### Task goal
Look through the entries below for the line that contains "ROUT NDRV OUT", then set down that line and each one after it exactly, through the last.

──────── Material provided ────────

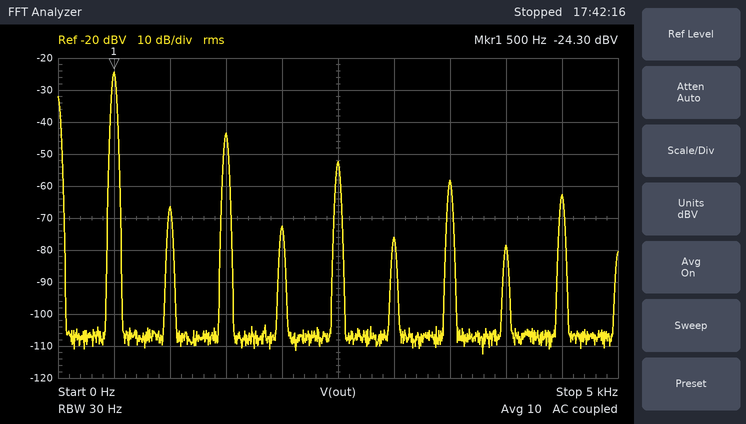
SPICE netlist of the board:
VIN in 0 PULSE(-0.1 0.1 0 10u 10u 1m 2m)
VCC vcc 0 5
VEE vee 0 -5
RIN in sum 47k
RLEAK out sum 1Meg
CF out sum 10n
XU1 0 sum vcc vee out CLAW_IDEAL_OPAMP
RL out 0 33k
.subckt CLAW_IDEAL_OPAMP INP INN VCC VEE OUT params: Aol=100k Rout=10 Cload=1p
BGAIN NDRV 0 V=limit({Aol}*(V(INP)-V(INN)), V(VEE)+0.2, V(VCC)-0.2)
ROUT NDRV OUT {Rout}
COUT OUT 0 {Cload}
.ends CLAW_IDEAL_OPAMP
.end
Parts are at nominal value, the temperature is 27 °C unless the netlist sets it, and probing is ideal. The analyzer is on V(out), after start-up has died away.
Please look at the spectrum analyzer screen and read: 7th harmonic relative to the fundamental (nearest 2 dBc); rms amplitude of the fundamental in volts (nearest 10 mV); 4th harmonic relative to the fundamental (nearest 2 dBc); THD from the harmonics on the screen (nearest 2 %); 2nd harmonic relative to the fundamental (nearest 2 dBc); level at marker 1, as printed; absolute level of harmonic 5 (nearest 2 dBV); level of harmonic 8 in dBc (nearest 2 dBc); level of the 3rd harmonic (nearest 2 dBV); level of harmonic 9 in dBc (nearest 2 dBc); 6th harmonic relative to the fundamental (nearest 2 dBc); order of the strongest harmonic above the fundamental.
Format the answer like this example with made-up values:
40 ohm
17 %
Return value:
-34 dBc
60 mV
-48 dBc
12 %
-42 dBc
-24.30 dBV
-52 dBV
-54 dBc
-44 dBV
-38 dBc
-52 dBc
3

────────

### Expected output
ROUT NDRV OUT {Rout}
COUT OUT 0 {Cload}
.ends CLAW_IDEAL_OPAMP
.end
Parts are at nominal value, the temperature is 27 °C unless the netlist sets it, and probing is ideal. The analyzer is on V(out), after start-up has died away.
Please look at the spectrum analyzer screen and read: 7th harmonic relative to the fundamental (nearest 2 dBc); rms amplitude of the fundamental in volts (nearest 10 mV); 4th harmonic relative to the fundamental (nearest 2 dBc); THD from the harmonics on the screen (nearest 2 %); 2nd harmonic relative to the fundamental (nearest 2 dBc); level at marker 1, as printed; absolute level of harmonic 5 (nearest 2 dBV); level of harmonic 8 in dBc (nearest 2 dBc); level of the 3rd harmonic (nearest 2 dBV); level of harmonic 9 in dBc (nearest 2 dBc); 6th harmonic relative to the fundamental (nearest 2 dBc); order of the strongest harmonic above the fundamental.
Format the answer like this example with made-up values:
40 ohm
17 %
Return value:
-34 dBc
60 mV
-48 dBc
12 %
-42 dBc
-24.30 dBV
-52 dBV
-54 dBc
-44 dBV
-38 dBc
-52 dBc
3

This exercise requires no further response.